Trustees will therefore be required to keep a track of the settlor’s residence status, as their IHT payment and filing obligations will be determined by the residence status of the settlor.

In addition, the protections from income tax and capital gains tax that apply for non-domiciled settlors who were not born in the UK are not available for settlors born in the UK with a UK domicile of origin. From the point at which such an individual becomes UK resident, all income and gains arising within the trust (where the trust is settlor-interested) will be taxable on the settlor as they arise.


It is essential that trustees keep accurate records and flag any changes that will affect the UK tax status of the trust. The following information will be required for all trusts:

  • The settlor’s domicile of origin
  • The settlor’s residence status and any changes to this
  • The residence and domicile status of the beneficiaries
  • The date a settlor or beneficiary will become deemed domiciled in the UK under the 15 out of 20 year residence rule
  • Whether the settlor has previously been deemed domiciled in the UK
  • Details of all income and gains arising in the trust since its inception
  • Details of all additions to and distributions from the trust
  • Note of each ten year anniversary so that any planning can be undertaken in advance

Key Red Flags

Particular care will need to be taken if the trust falls into any of the categories listed below, and the trustees should consider taking professional advice before certain transactions are undertaken:

Trust is protected

  • Particular care will need to be taken when considering making distributions, not only to the settlor but to his spouse or minor child. This could result in loss of protection and give rise to income tax and capital gains tax liabilities for the settlor.
  • Similarly, trustees should seek advice before accepting additions to a protected trust.

Settlor was born in the UK with a UK domicile of origin (formerly domiciled resident settlors)

  • If the settlor returns to the UK, and once the grace period has expired, trustees will potentially have IHT charges and filing obligations at each ten year anniversary of the creation of the trust, and at any time that property exits the trust.
  • From the date the settlor becomes UK resident, he will be taxable on income and gains arising within the trust if he retains an interest in the trust.

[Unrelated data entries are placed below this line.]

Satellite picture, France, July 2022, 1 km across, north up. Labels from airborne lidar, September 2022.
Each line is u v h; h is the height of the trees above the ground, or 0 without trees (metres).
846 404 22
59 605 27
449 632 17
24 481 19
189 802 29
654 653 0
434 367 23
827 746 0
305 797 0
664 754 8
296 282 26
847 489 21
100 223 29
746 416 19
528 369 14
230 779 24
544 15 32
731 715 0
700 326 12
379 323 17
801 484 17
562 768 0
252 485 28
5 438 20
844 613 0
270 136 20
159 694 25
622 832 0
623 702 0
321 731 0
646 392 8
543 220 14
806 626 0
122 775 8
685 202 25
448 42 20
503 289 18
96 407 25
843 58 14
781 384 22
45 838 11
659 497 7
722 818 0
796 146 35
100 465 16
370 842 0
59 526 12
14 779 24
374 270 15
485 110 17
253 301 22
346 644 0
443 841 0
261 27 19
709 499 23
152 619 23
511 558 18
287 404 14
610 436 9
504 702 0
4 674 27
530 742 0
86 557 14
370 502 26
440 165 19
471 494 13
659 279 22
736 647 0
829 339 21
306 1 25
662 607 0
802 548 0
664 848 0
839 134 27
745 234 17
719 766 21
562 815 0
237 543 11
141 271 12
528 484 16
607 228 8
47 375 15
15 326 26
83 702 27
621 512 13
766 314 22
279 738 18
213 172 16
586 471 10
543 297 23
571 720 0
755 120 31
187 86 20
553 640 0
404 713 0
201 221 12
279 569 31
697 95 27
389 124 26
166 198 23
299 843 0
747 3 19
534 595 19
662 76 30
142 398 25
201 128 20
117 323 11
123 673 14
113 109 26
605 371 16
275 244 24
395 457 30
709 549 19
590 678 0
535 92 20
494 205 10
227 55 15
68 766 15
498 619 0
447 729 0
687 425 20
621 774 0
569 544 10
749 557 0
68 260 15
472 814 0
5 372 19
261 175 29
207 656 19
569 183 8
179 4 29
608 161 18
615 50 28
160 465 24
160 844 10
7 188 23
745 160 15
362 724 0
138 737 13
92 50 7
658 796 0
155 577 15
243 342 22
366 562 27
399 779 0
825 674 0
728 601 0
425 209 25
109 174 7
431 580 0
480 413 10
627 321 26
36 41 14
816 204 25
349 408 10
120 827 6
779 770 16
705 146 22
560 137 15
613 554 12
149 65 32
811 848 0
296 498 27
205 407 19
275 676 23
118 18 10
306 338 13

Trustees will need to keep records of such income and gains to provide to the settlor for inclusion on his UK tax returns.
  • Where the trust is settlor interested, the assets of the trust will be deemed to fall into the settlor’s estate on death under the Gift with Reservation of Benefit provisions. Trustees will need to provide asset valuations to the deceased’s Personal Representatives.

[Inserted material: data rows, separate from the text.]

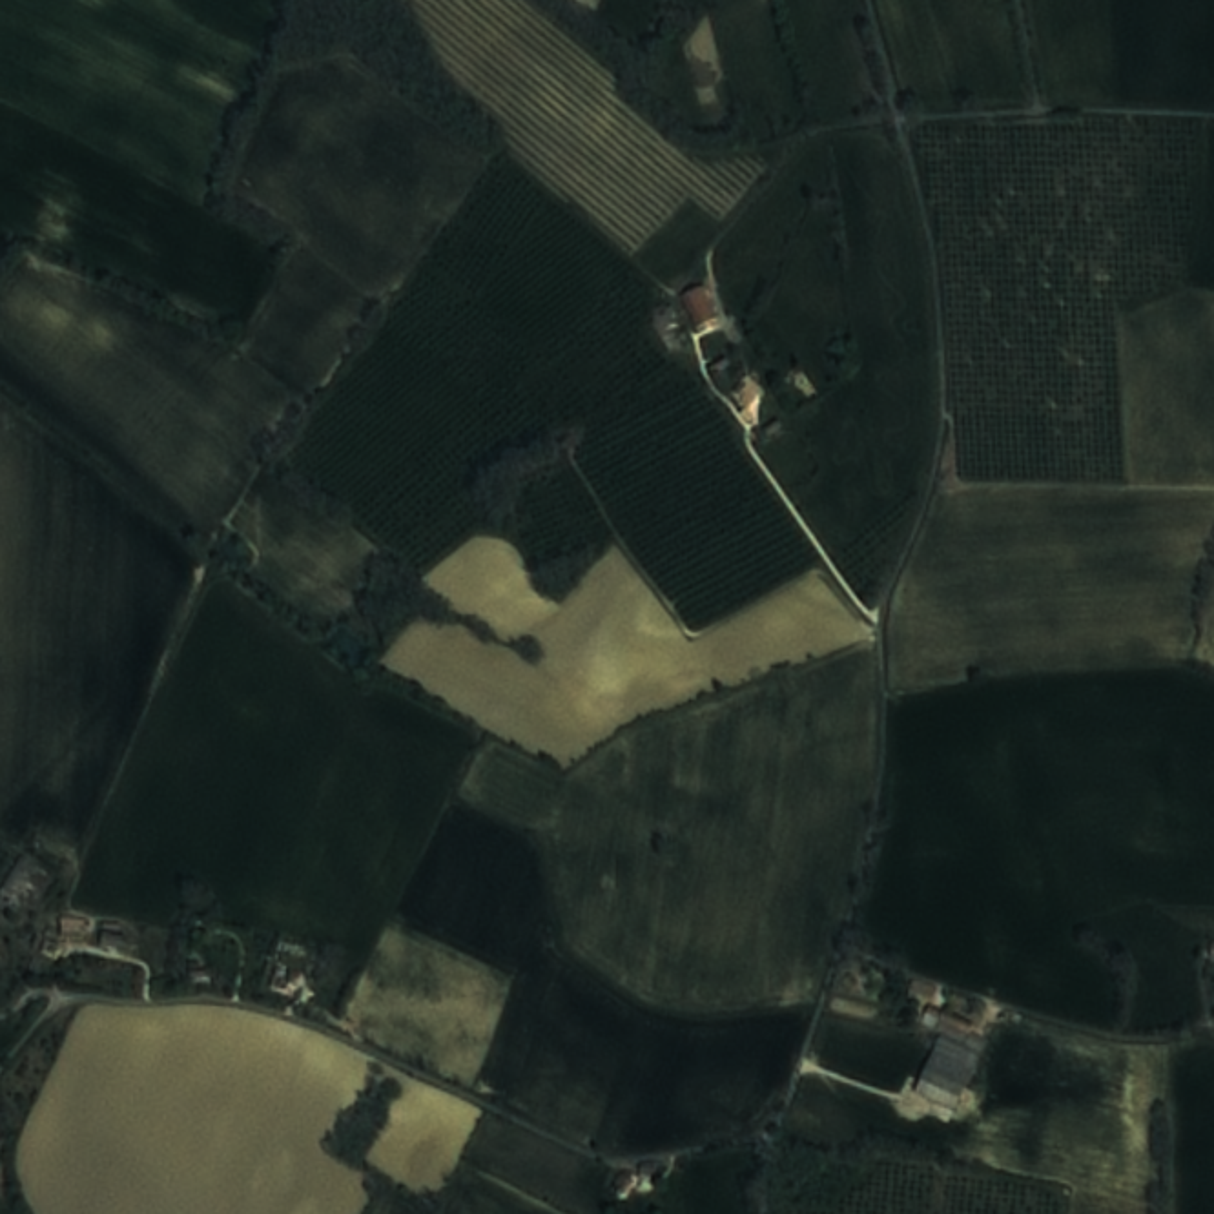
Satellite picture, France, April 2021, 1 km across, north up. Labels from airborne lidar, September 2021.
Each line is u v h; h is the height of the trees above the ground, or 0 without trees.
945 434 0
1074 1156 0
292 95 0
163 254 0
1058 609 0
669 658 0
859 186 0
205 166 0
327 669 0
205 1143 0
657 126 11
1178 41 0
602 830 0
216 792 0
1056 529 0
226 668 0
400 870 0
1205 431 0
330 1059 0
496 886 0
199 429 0
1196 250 0
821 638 0
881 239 0
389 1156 0
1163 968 0
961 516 0
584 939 0
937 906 0
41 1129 0
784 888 0
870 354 0
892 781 0
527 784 0
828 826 0
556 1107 0
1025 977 0
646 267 0
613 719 0
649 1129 0
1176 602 0
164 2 0
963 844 0
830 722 0
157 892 0
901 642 0
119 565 0
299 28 21
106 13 0
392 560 6
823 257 0
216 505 0
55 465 0
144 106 0
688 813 0
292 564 0
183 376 0
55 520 0
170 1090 0
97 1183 0
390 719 0
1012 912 0
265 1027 0
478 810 0
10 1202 7
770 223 0
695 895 0
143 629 0
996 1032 0
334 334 0
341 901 0
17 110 0
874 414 0
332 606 0
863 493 0
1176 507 0
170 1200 0
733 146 19
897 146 15
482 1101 8
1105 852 0
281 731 0
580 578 19
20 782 0
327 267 0
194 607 0
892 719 0
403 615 21
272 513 0
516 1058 0
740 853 0
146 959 0
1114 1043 0
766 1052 0
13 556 0
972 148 6
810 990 0
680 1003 0
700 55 0
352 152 0
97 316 0
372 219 0
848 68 0
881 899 0
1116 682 0
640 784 0
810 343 0
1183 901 0
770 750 0
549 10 17
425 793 0
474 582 0
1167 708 0
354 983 10
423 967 0
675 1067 0
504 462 16
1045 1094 0
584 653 0
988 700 0
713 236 0
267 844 0
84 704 0
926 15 0
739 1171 0
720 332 0
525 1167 0
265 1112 0
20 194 0
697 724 0
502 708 0
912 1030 11
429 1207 18
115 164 0
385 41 24
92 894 0
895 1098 0
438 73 21
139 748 0
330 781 0

UK Residential Property held in Trust

  • The shares of an offshore company holding UK residential property will become relevant property for IHT purposes and subject to UK IHT charges. Trustees may be liable for IHT on the occasion of each ten year anniversary, and when property exits the trust. Trustees will need to ensure they meet their compliance and filing obligations.


It is essential that trustees familiarise themselves with the new rules, to understand where the potential pitfalls lie and so that they can take appropriate action or professional advice where necessary.

Trustees will need to ensure procedures are in place to keep track of the residence and domicile status of settlors and beneficiaries, and understand the effect that any changes to the settlor’s residence or domicile status may have on their own UK tax and reporting obligations.

In particular, it will be important for trustees to identify settlors born in the UK with a UK domicile of origin, and any new IHT liabilities and reporting obligations that may arise from 6 April 2017 where UK residential property is held through an offshore company or other similar vehicle.

All existing trusts settled by individuals who will become deemed domicile at 6 April 2017 (whether under the 15 out of 20 year rule, or by virtue of being born in the UK with a UK domiciled of origin) should be reviewed and professional advice sought where relevant.